▸ What this task involves
For this exercise, repeat the records below exactly and omit every picture.

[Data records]
****************

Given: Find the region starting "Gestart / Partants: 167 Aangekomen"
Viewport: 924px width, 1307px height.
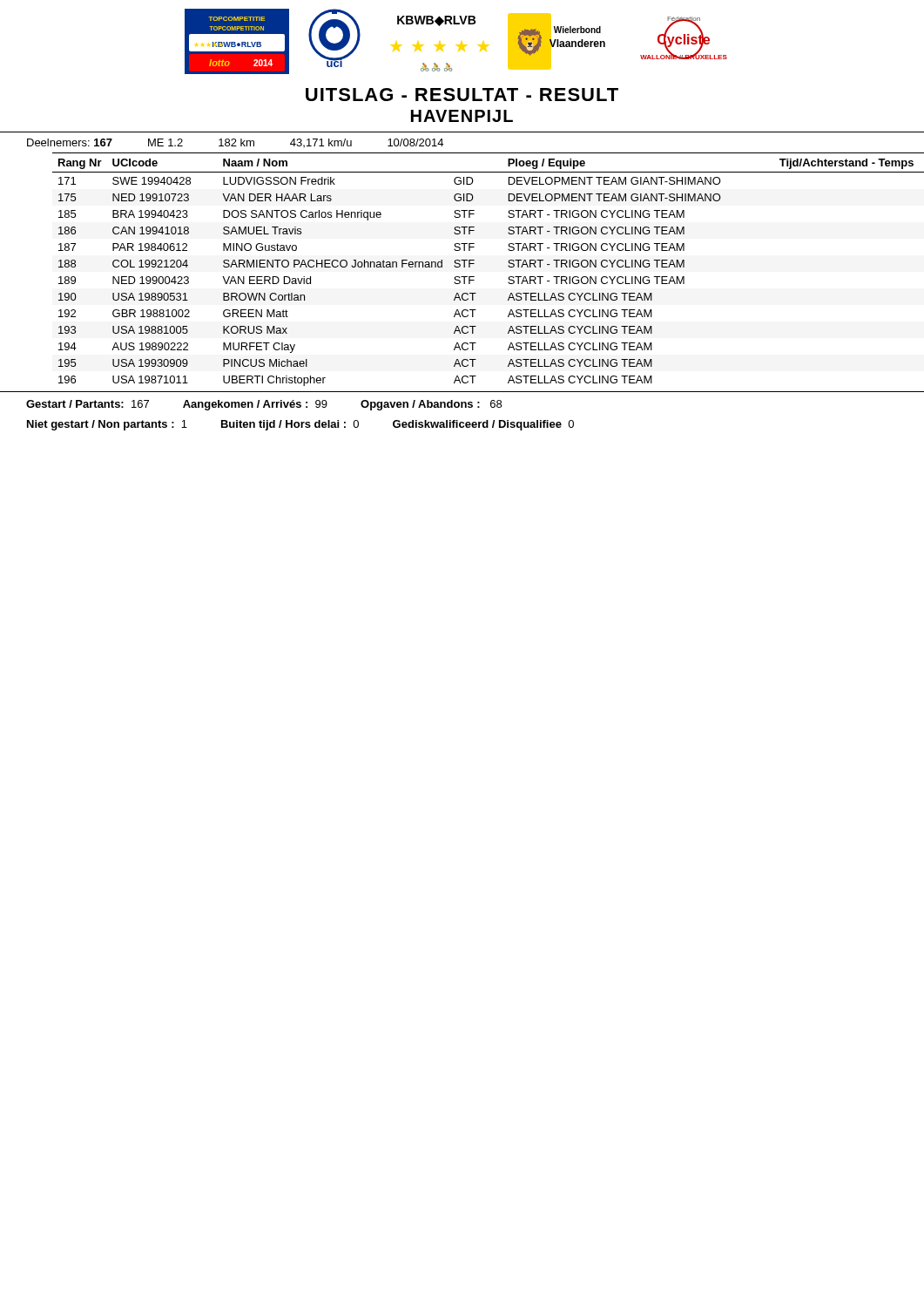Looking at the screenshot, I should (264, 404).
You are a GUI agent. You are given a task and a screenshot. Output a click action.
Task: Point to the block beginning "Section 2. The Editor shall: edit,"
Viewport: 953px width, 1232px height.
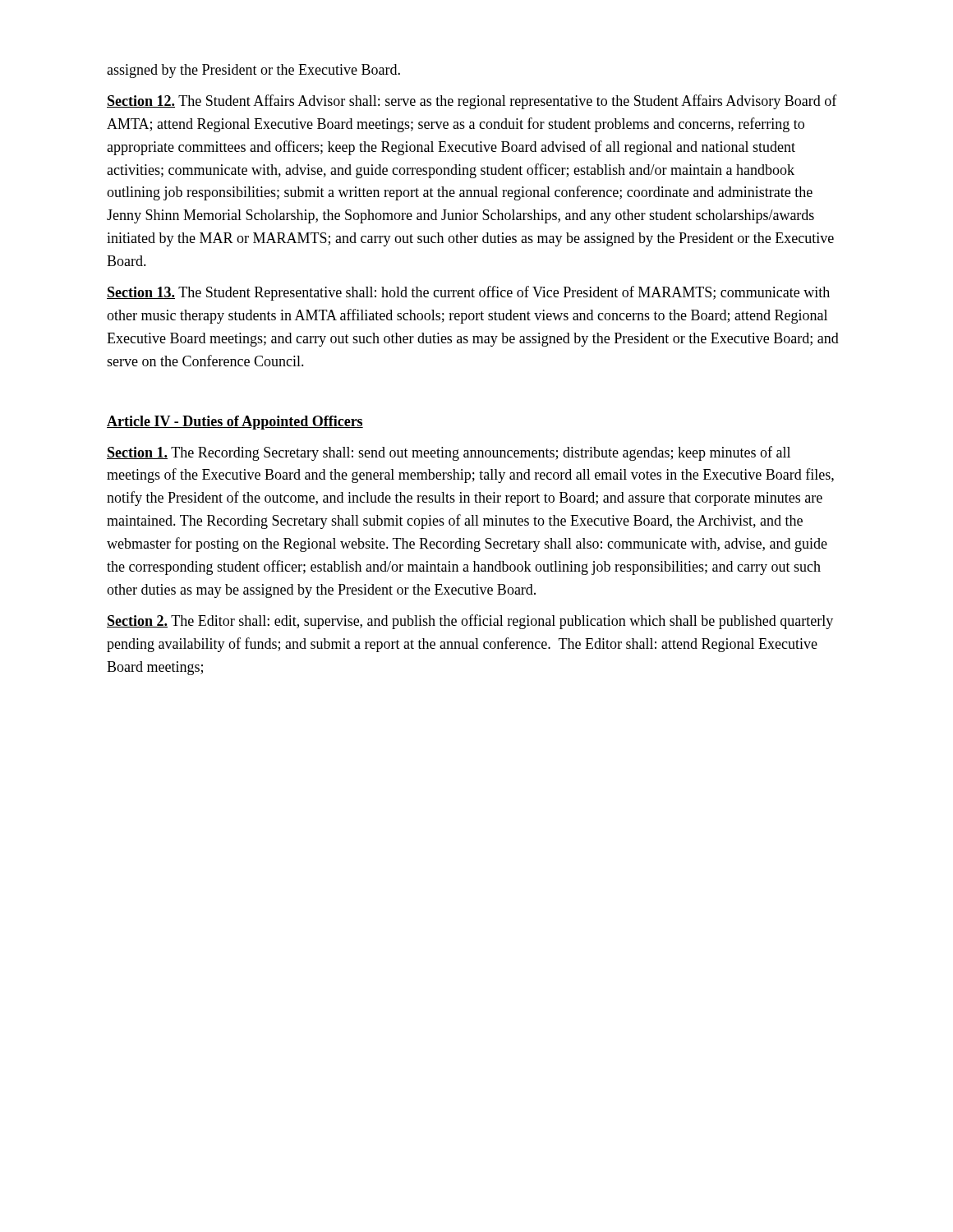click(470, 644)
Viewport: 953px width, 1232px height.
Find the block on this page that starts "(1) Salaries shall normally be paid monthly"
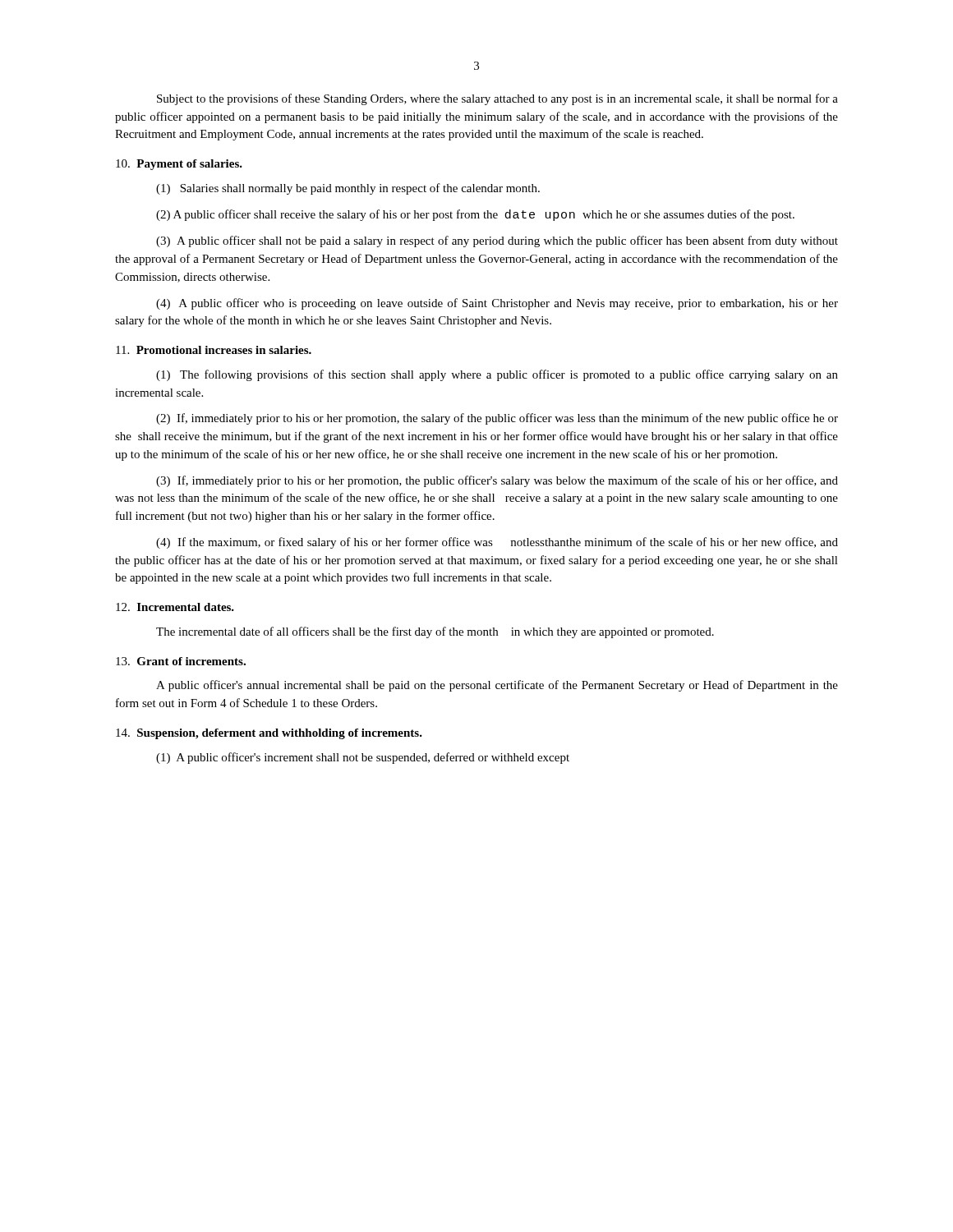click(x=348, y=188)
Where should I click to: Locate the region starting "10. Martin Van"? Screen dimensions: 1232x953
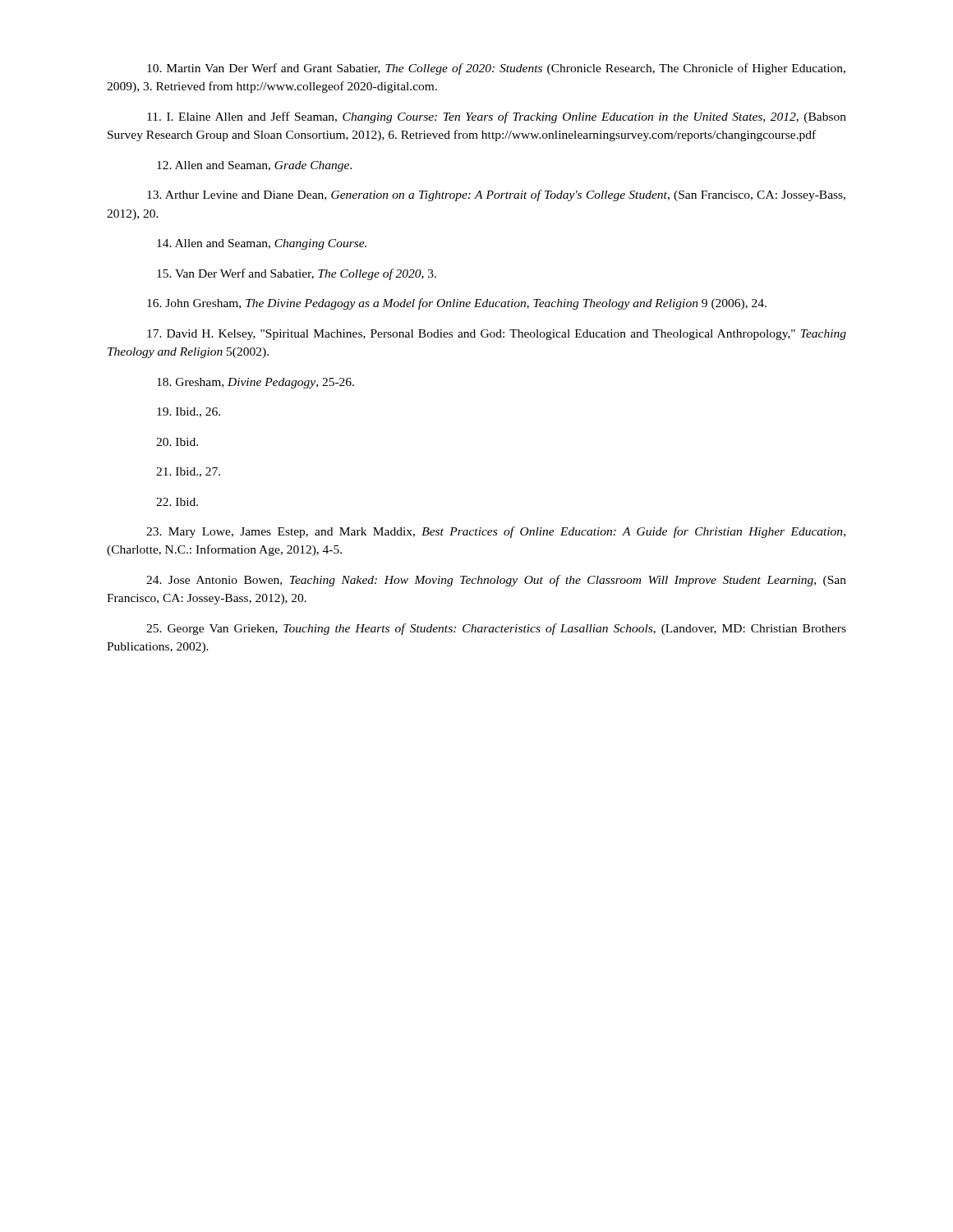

****************

▸ Answer below
Given: Find the region starting "Gestart / Partants: 167 Aangekomen"
Viewport: 924px width, 1307px height.
Looking at the screenshot, I should (264, 404).
You are a GUI agent. You are given a task and a screenshot. Output a click action.
Task: Point to the block beginning "Section 2. The Editor shall: edit,"
Viewport: 953px width, 1232px height.
click(470, 644)
Viewport: 953px width, 1232px height.
Find the block on this page that starts "(1) Salaries shall normally be paid monthly"
click(x=348, y=188)
Where should I click to: Locate the region starting "10. Martin Van"? Screen dimensions: 1232x953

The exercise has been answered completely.